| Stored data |
────
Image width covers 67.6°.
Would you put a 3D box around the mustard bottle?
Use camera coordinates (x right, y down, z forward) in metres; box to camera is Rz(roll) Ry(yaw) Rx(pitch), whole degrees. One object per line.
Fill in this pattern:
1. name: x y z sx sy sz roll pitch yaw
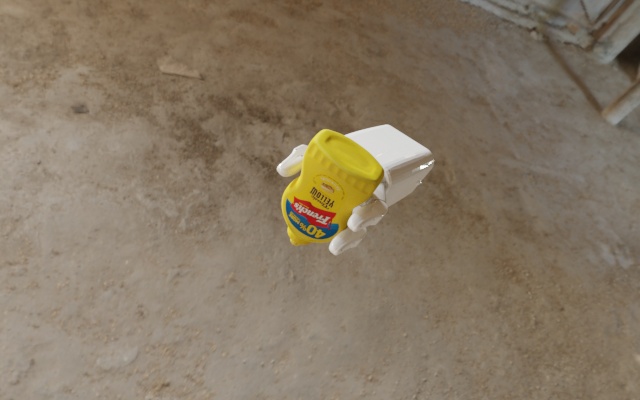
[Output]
────
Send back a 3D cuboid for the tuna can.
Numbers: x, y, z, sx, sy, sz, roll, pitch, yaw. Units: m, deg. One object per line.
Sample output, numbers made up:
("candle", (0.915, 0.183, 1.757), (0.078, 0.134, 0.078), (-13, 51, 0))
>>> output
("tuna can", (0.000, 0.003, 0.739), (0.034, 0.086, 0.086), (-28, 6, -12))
────
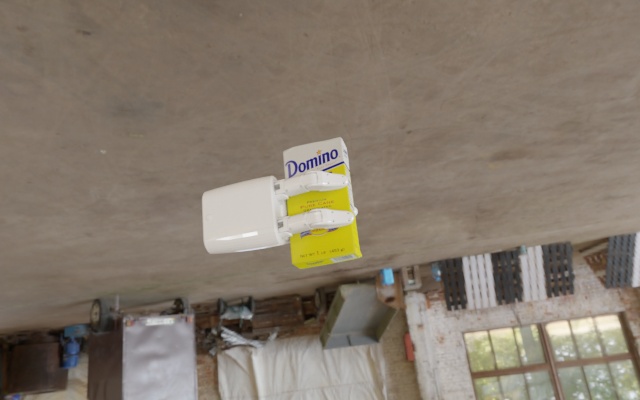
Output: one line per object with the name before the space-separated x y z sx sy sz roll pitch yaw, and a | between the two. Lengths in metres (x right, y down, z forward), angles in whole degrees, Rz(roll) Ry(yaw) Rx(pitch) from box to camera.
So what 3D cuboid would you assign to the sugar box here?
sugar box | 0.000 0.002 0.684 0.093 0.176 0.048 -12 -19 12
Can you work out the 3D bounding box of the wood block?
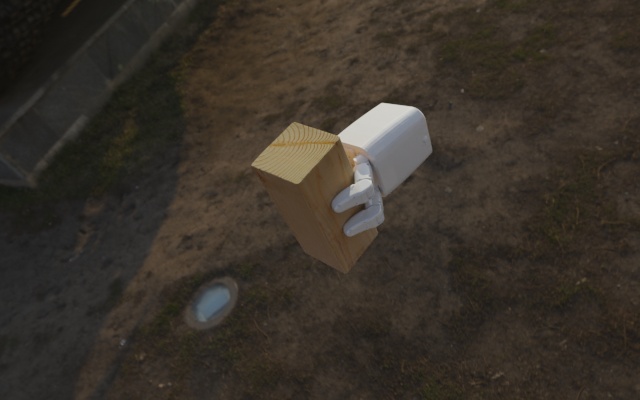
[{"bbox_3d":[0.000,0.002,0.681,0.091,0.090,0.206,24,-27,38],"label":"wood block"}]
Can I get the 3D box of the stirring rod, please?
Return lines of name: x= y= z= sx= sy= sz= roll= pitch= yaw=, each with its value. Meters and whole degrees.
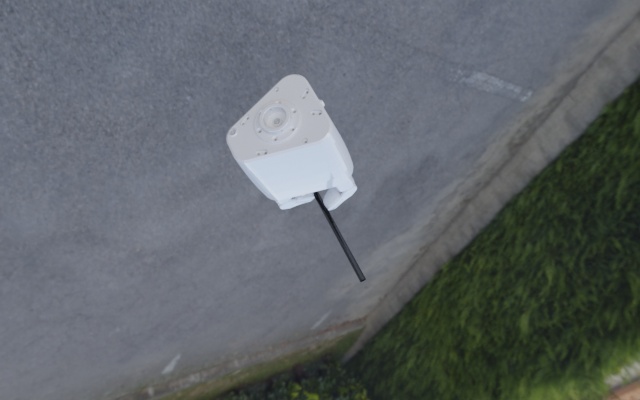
────
| Exercise goal |
List every line in the records above that contains the word "whole".

| Solution to this exercise |
Use camera coordinates (x right, y down, z forward) in metres; box to camera is Rz(roll) Ry(yaw) Rx(pitch), whole degrees. One object per line.
Output: one line per object with the name before the space-separated x y z sx sy sz roll pitch yaw, and a | between the two. Lengths in metres (x right, y down, z forward), angles in whole degrees, Rz(roll) Ry(yaw) Rx(pitch) from box to camera.
Return lines of name: x= y= z= sx= sy= sz= roll= pitch= yaw=, each with its value. Meters and whole degrees.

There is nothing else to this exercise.